BOB LUTZ: Wall Street Analysts Don't Understand The Car Business

bob lutz tbi
bob lutz tbi

Lutz, when he was with GM.

Bob Lutz is a legend in the auto industry. He worked at BMW and also for Lee Iaccoca, the guy who saw Chrysler through a major crisis in the late 1970s (Lutz arrived in the 1980s).

A former Marine, he flies fighter jets and isn't afraid to speak his mind.

He finished up his career at General Motors as the "product czar," trying to inject some emotion into a company that's often been better known for a corporate culture that prefers to count beans.

His publisher recently brought out the paperback edition of his book, "Icons and Idiots: Straight Talk on Leadership." Business Insider ran an except, and I talked with Lutz about a wide variety of topics at the time of publication.

Among them was the strange performance of GM's stock. Since the company's emergence from bankruptcy and $20-billion IPO in 2010, shares have been flat when they haven't been down.

The stock really cratered in mid-2012 before ascending to around $40 in late 2013.

But since then the trend has been down. Down. And more down.

These days, shares are trading around $30.

This is weird. GM has made tons of money since the bankruptcy — a financial performance that defies what most assumed would be a profoundly negative effect of the recent massive ignition switch recall (recall costs have taken a toll on the bottom line, however.)

GM Chart
GM Chart

(Yahoo Finance)

But many Wall Street analysts dislike the stock. And Lutz thinks he knows why.

"Analysts are highly numerous, young, and they performed beautifully [in college]," he said. "They can look at sea of numbers, but they don’t really understand the business."

Is he right?

Quite possibly.

Wall Street likes volatility, and GM isn't a company that's designed to deliver it, either in the markets or the marketplace. The company controls about 20% of the US market for cars and trucks, pretty much divides the highly profitable full-size pickup truck segment with Ford, and continues to have a very broad portfolio of vehicles — something for just about everybody.

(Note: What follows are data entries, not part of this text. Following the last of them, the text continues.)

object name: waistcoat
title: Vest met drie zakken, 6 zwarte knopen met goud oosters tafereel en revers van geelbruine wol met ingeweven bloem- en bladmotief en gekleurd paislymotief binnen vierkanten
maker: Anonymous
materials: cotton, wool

The company is good at making cars. Through its finance arm, GM Financial, it's also good at lending people money to buy those cars.

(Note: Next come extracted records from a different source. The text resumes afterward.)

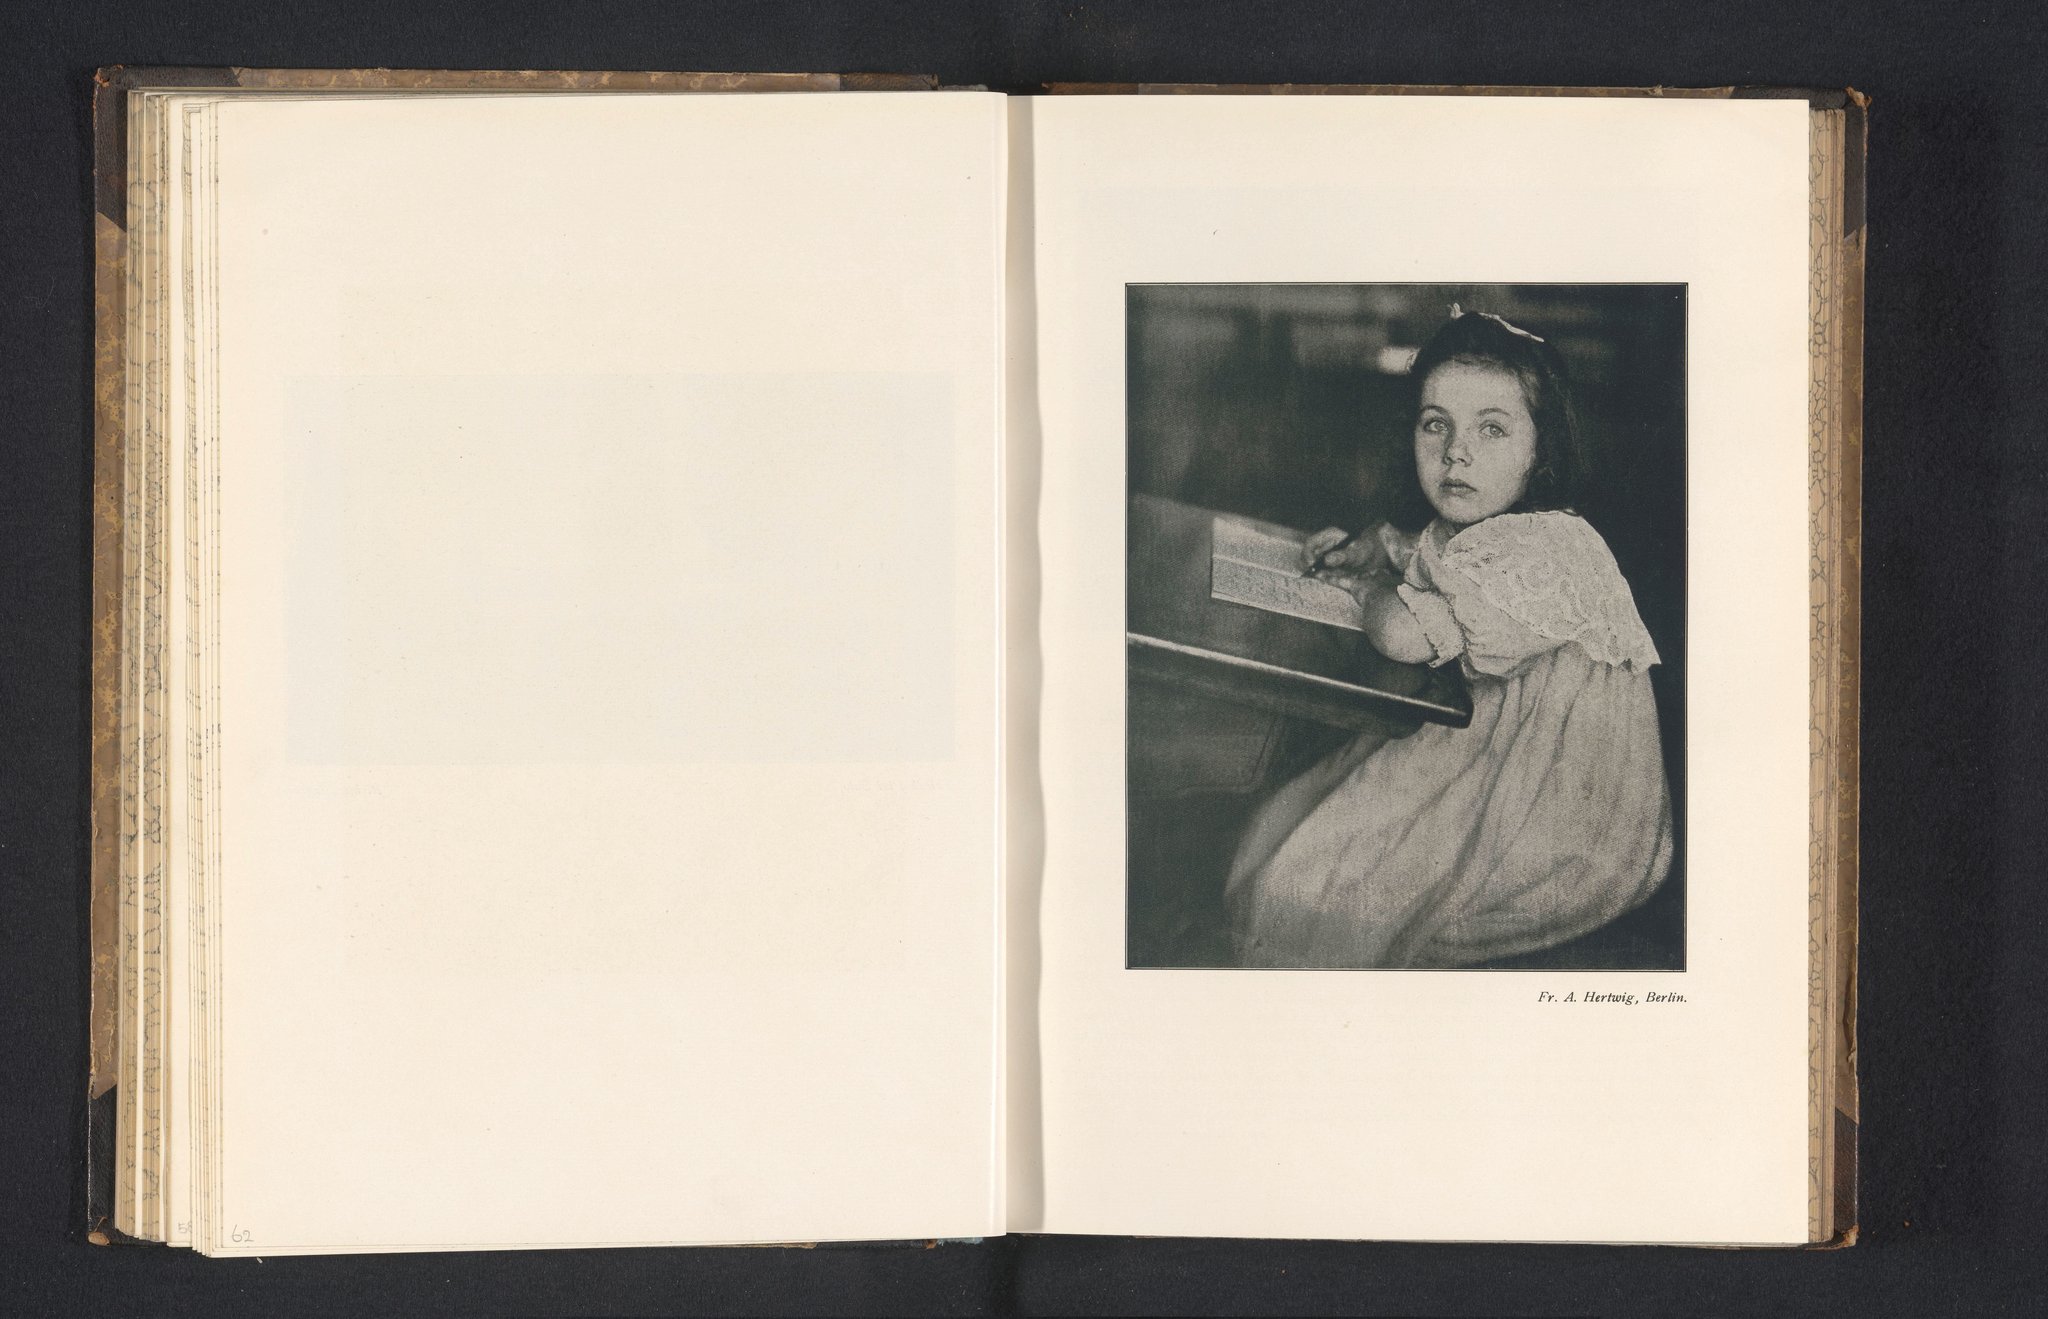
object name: page
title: Portret van een onbekend meisje
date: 1898-1903
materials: paper
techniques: autotype
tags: historical persons not known by name - bb - woman, girl (child between toddler and youth)
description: Prent op vierde ongenummerde pagina na pagina 108.

What it isn't good at is posting double-digit growth rates for its valuation. And this is the nature of the business. It's not like GM is going to suddenly go from 20% US market share to 30% market share. Chrysler would have to disappear to even set up such a possibility.

For GM, the game is to retain existing customers, "conquest" a certain percentage of customers from other automakers every year, and pursue growth in China, its best foreign market.

GM does pay a nearly 4% dividend, so beleaguered holders of the stock are at least being paid for their trouble.

But having watched the company closely since before the bankruptcy, it's far from clear to me that GM stock is ever going to start pushing toward new highs (I don't own any, by the way). Actually, the business doesn't really seem optimized to do that.

This is a disconnect one just has to get used to.